Autore: Andrea Genzone

Parto da Roma verso le sette di sera con l’idea di viaggiare finché dura l’ultima luce e poi dormire qualche ora, per poter guidare nella notte, quando le strade son vuote e in giro s’incontra soltanto chi deve e chi vuole.
Devo risalire fino a Milano e assolutamente NIENTE AUTOSTRADA.
E non è così facile come dirlo, ché ci vuole la cartina e l’intuito. Io la cartina ce l’ho, ma tant’è che nel giro di 10 minuti, cercando di passare dalla Portuense all’Aurelia, mi ritrovo che la via è chiusa: davanti alle ruote sfuma l’asfalto e si fa sabbia. Spengo il motore ed è la prima sosta fuori programma del piccolo viaggio che ho davanti: scendo.
La spiaggia è un mosaico di detriti che si sono mischiati tra loro; che sebbene siano diversi e diversa sia la loro storia passata, uniti sono qualcosa di importante e riconoscibile, come una famiglia, come l’immondizia: legni secchi intrappolati tra le maglie logore di reti da pesca stracciate e aggrovigliate, vetri, frammenti di conchiglie tutt’altro che rare, lattine di Moretti mezzo sepolte... e in un angolo, quasi nascosta dietro al muretto di una casa, c’è una montagna di altri detriti che il mare, il vento, o il custode hanno sapientemente radunato. L’odore è forte, odore di mare rappreso; mare, comunque.
Mi arrampico e siedo sugli scogli neri; davanti a me il sole, scendendo, crea la striscia tremolante di colori caldi sull’acqua, come nel disegno che facevo sempre da bambino quando volevo far bella figura. Sopra la mia testa gli aerei decollano in fila indiana dall’aeroporto di Fiumicino, a distanza di due minuti l’uno dall’altro... Mi immagino il Riccetto e i suoi amici correre da qualche parte a combinarne qualcuna delle loro, mi immagino Pasolini respirare emozionato in questo posto e intrecciarne le storie con la mente.
Prima di ripartire consulto la cartina: devo passare per Focene, poi per Fregene e infine dovrei incrociare l’Aurelia e seguire per Civitavecchia. Ok.

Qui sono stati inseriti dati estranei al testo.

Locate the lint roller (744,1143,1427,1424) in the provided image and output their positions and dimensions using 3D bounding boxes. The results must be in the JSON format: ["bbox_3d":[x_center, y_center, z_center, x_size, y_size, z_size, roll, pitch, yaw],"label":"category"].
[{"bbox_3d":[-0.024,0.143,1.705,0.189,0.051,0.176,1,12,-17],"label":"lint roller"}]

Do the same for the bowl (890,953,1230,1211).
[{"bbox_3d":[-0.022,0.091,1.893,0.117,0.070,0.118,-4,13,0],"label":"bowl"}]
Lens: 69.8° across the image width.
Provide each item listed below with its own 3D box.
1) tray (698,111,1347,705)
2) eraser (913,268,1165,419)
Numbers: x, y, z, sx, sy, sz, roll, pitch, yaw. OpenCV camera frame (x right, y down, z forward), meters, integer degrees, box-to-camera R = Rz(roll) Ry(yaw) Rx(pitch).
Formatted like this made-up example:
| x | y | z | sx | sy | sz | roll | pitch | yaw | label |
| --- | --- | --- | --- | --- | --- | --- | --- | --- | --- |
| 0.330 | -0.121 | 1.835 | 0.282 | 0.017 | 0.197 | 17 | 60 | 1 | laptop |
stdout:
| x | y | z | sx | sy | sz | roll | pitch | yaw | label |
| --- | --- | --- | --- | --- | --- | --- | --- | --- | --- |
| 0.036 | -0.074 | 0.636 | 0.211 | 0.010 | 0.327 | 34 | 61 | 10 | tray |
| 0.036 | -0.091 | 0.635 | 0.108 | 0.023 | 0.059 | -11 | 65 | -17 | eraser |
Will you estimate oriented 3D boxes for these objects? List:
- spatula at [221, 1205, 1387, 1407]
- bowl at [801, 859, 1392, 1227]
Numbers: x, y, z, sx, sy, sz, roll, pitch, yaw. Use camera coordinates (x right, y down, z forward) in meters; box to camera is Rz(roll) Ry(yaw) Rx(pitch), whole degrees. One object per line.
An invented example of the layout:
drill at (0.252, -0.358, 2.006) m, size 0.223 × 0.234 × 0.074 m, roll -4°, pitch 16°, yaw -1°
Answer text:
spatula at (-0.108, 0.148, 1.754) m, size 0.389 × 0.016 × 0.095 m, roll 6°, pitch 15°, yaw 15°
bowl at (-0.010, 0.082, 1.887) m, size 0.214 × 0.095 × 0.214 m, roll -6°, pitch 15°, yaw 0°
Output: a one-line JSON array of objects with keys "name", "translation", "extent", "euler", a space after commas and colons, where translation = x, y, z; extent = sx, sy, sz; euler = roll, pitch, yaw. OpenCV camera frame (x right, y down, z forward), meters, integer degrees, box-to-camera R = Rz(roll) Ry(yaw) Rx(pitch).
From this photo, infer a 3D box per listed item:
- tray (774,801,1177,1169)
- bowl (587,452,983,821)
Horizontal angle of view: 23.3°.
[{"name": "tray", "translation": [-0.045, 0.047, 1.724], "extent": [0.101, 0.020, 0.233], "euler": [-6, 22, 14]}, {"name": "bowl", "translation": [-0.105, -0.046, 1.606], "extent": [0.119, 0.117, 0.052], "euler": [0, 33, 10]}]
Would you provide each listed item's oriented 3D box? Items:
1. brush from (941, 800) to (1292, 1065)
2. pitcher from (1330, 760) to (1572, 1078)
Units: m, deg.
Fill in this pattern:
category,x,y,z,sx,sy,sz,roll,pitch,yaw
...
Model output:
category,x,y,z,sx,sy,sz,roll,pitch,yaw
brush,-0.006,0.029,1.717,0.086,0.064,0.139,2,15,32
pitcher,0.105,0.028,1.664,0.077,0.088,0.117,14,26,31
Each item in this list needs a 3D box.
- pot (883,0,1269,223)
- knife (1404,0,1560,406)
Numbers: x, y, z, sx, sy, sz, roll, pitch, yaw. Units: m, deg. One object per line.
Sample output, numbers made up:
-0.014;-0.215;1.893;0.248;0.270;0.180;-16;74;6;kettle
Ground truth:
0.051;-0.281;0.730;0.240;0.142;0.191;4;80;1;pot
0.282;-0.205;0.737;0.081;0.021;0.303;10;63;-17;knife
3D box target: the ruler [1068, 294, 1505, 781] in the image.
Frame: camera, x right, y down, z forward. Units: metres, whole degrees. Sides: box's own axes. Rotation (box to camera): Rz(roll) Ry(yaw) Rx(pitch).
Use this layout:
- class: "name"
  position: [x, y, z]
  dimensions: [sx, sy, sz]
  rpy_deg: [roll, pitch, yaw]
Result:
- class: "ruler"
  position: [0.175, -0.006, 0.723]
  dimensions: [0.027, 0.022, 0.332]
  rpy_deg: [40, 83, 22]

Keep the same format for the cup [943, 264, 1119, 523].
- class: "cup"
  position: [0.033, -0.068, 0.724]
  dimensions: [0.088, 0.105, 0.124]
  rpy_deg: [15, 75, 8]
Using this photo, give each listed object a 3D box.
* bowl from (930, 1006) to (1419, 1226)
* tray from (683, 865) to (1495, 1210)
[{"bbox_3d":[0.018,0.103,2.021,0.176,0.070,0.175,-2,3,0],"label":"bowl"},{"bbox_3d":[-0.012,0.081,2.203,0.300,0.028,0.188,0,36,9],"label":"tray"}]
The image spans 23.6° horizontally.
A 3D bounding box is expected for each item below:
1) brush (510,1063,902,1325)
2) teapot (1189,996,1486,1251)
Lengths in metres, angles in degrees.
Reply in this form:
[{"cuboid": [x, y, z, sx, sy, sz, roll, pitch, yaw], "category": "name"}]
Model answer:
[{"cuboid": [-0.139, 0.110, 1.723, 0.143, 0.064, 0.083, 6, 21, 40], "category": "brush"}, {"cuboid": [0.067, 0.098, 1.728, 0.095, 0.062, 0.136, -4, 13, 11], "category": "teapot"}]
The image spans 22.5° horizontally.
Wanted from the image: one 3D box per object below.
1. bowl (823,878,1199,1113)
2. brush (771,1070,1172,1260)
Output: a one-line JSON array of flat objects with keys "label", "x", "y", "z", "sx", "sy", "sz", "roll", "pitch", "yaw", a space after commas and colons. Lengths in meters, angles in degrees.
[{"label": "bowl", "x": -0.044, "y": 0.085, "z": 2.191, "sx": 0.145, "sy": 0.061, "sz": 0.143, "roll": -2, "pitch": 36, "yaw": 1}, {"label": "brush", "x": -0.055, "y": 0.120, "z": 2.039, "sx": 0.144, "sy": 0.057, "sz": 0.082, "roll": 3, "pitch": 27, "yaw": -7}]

La luce è finita da un po’ e sono sulla strada giusta. Si son fatte le nove e mezza e, se voglio rispettare i piani, devo fermarmi a dormire. Sento gli occhi un po’ pesanti e comunque oggi ho già guidato da Reggio Emilia a Roma e da Roma a qui quasi senza fermarmi. Percorro un tratto di strada buio circondato dai campi, senza centri abitati in vista. Mi fermo in una rientranza della strada, accanto ad un cartello “Riserva di caccia”; spengo le luci, chiudo le portiere dall’interno, nascondo la chiave nel sacchetto del pane e mi sistemo sul sedile dietro.
Questa macchina sarà pure spaziosa, ma i sedili sono troppo duri per dormire. Niente a che vedere con la gloriosa Lancia Y che mi ha sempre accompagnato in questo genere di viaggi, rivelandosi un perfetto quanto insospettabile camper.
Cerco una posizione tra le poche possibili, mi sistemo su un fianco, con un braccio sotto il peso del corpo e il giubbotto appallottolato che mi fa da cuscino. Mi sforzo di rilassarmi e spero che il sonno mi prenda, ma non sono tranquillo. A enorme distanza, alla destra della strada, un cane abbaia e un altro gli risponde, ancor più lontano, alla sinistra; tra di loro l’Aurelia, i campi bui. Sento un frusciare d’erba, mi alzo di scatto per guardare fuori ma non vedo nessuno; mi rimetto sdraiato e chiudo gli occhi. I minuti passano, il sonno si avvicina e si allontana. Due SUV passano a gran velocità uno dietro l’altro, con gran sibilare di turbina e facendo ondeggiare la macchina…
Se dormire non si può, allora si mangia: la dispensa offre una decina di Pringles, tre arance, del pane secco e il cioccolato con anacardi. Dormirò più avanti.
Finita la cena abbasso il finestrino, accendo una sigaretta e mi rimetto in strada, lento e regolare; buio davanti, dietro e attorno. Nel frattempo il caricatore dei CD lavora, e adesso è il turno di Ludovico Einaudi, “Una mattina”, album interamente per pianoforte. I brani, dai toni malinconici, mi cullano e mi trafiggono, rinfacciandomi che i sogni, quelli grossi, se ne sono andati e che posso pure vagare quanto mi pare, ma non è più lo stesso, non tornerà QUEL vagare.

Quand’ero bambino
Volavo in alto
E quando mi hanno atterrato
Ho graffiato l’asfalto

Non è
Un problema
Per me
Va bene così

L’asfalto è come il vento
Mi porterà lontano
L’asfalto è come il vento
Non temo la sua mano

I giorni sono pieni
Di parole vuote
I giorni sono treni
Veloci e senza ruote

Così
Chiedo scusa
Ma io
Me ne vado via

La polvere e il silenzio,
la solitudine assoluta…
qui non mi sento perso
in una vita muta

Da solo sull’asfalto
Mi batte forte il cuore
E ho voglia di tornare
Di venirti a cercare

Così
Chiedo scusa
Ma io
Voglio andare via

Non dirlo che io scappo
Io sono un’aquila e ti miro
Da qui posso sentirti
E legarti senza catene

Partire sarà come
Il lavoro del cacciatore
Tornerò con le provviste
Per sopravvivere alle ore

Intanto, in un alternarsi di buio interminabile e di luci di brevi città, la notte s’è fatta notte davvero; da uno starnuto mi vien fuori uno sbadiglio ed ho un sonno terribile. Ho appena attraversato Grosseto e lascio l’Aurelia per dirigermi verso Siena. Appena presa la direzione mi accosto in una piazzola sul viadotto, spengo, chiudo, nascondo, mi sistemo e buonanotte, sotto al sacco a pelo.